This article outlines migration package operations using GraphStudio’s APIs, including details on request structure, endpoint usage, URL encoding, and error handling. The APIs allow us to automate common tasks such as importing and exporting migration packages.
Overview
- Export a Migration Package
- Prepare Migration Package for Import
- Import a Migration Package
1. Export a Migration Package
To export an existing migration package from the current GraphStudio environment, use the POST/migration/{migration_package_uri}/export
endpoint.
- API:
POST https://<hostname>/migration/{migration_package_uri}/export
This package contains datasets, ontologies, graphmart configurations, and other related resources. The required parameter is migration_package_uri
.
For a full list of the endpoint’s configurations, refer to the documentation:
https://docs.cambridgesemantics.com/anzo/v5.4/api/#/migration/ExportMigrationPackage
Example Request
POST https://<hostname>/migration/movies-v1/export
Once the export is complete, you can download it via:
GET https://<hostname>/api/migration-packages/<package-id>/download
The export request returns a binary response, which can then be saved as a ZIP file.
2. Prepare Migration Package for Import
Before importing a migration package, ensure that:
- The migration package is saved as a valid
.zip
file. - Any environment-specific settings (e.g., dataset paths, connection strings) are updated if necessary.
- You have the required permissions in the target environment.

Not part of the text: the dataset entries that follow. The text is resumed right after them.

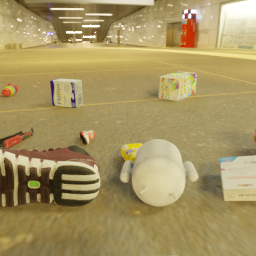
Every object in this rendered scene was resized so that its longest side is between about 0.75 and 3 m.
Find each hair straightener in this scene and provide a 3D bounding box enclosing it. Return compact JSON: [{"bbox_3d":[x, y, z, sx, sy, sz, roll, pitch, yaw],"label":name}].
[{"bbox_3d":[-3.295,0.229,8.183,0.557,0.296,1.448,6,21,16],"label":"hair straightener"}]

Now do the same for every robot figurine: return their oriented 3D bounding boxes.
[{"bbox_3d":[0.597,0.844,5.471,1.465,0.976,1.728,-4,19,8],"label":"robot figurine"}]

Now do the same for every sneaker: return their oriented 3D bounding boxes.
[{"bbox_3d":[-1.906,0.839,5.742,2.847,1.077,1.644,8,12,1],"label":"sneaker"},{"bbox_3d":[-1.140,0.250,8.183,0.413,0.257,0.770,-10,19,-18],"label":"sneaker"}]

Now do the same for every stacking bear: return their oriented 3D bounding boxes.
[{"bbox_3d":[-5.740,-1.775,13.472,0.546,0.511,0.899,24,22,-6],"label":"stacking bear"}]

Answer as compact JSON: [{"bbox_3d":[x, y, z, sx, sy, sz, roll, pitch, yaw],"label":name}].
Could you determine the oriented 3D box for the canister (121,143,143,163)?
[{"bbox_3d":[0.226,0.692,6.782,0.657,0.383,0.884,-4,19,-14],"label":"canister"}]

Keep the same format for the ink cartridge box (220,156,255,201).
[{"bbox_3d":[2.258,1.040,5.533,0.774,0.456,1.345,-6,17,18],"label":"ink cartridge box"}]

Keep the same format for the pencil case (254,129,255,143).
[{"bbox_3d":[3.999,0.500,6.192,1.176,1.229,2.841,27,16,-12],"label":"pencil case"}]

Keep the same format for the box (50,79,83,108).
[{"bbox_3d":[-2.567,-1.471,11.745,1.185,1.090,0.622,7,21,20],"label":"box"}]

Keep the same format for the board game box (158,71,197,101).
[{"bbox_3d":[2.398,-2.031,13.357,1.033,1.051,2.005,13,24,33],"label":"board game box"}]

3. Import a Migration Package
Assuming the migration package is ready to be imported, we can use the POST/migration/import
endpoint to bring the migration package into the target GraphStudio environment. You can choose whether to immediately apply it as the current state or just store it as a version.
- API:
POST https://<hostname>/migration/import
The only query parameter is force
which, if set to true, imports graphs with sufficient permissions even if some graphs are missing permissions.
The only required request body parameter is migrationPackage
which is the .zip
migration package file, but parameters like applyImport
can help us specify whether to apply to the current environment immediately or to just create a version. For a full list of configurations, refer to:
https://docs.cambridgesemantics.com/anzo/v5.4/api/#/migration/importMigrationPackage
4. Tools and Automation
Once you are comfortable creating migration packages manually via the API, the next step is to integrate these calls into automated workflows. Automating migration package creation ensures consistency, repeatability, and easier promotion of resources across environments (eg. development, testing, production).
Postman is helpful for interactively building and testing migration package creation requests. You can save these requests in a collection and run them on demand. With Newman CLI, these requests can be scheduled or embedded into simple batch jobs, making migrations reproducible without additional coding.
- Python (and other scripting languages)
With Python’s requests
library (or similar), you can build migration automation scripts that:
- Create migration packages programmatically
- Tag versions with labels and comments
- Export and store packages in your organization’s artifact repositories
- Trigger imports into new environments
This scripting approach ensures migrations are repeatable and version-controlled, reducing the chance of manual errors.
- Orchestration and Enterprise Integration
Migration package creation is often tied to environment management and release pipelines. GraphStudio’s APIs fit neatly into the tools enterprises already use:
- Jenkins – Incorporate package creation into CI/CD pipelines, ensuring that migration packages are always generated and deployed as part of release cycles.
- Airflow – Automate package creation alongside ETL processes so that migrations are ready when data or models change.
- Kafka / Event Streams – Trigger migration package creation when new datasets or configurations are available, ensuring environments remain synchronized.
- Custom Automation Systems – Since the APIs are standard HTTP calls, they can be integrated into any job runner or scheduler your organization relies on.
Since migration packages are exposed as API resources, they can be created, exported, and imported automatically using whatever orchestration framework your organization already uses. This allows migrations to move from a manual, ad-hoc process to a fully automated, governed workflow, making cross-environment management more reliable and scalable.
5. Troubleshooting and Debugging
- 401 Unauthorized: Verify your access token is valid.
- 403 Forbidden: Check if you have
Migration Package Import
permissions. - Partial Import: Review
detail
in the API response to see which graphs were skipped. - Corrupt Package: Ensure the
.zip
is valid and not modified incorrectly.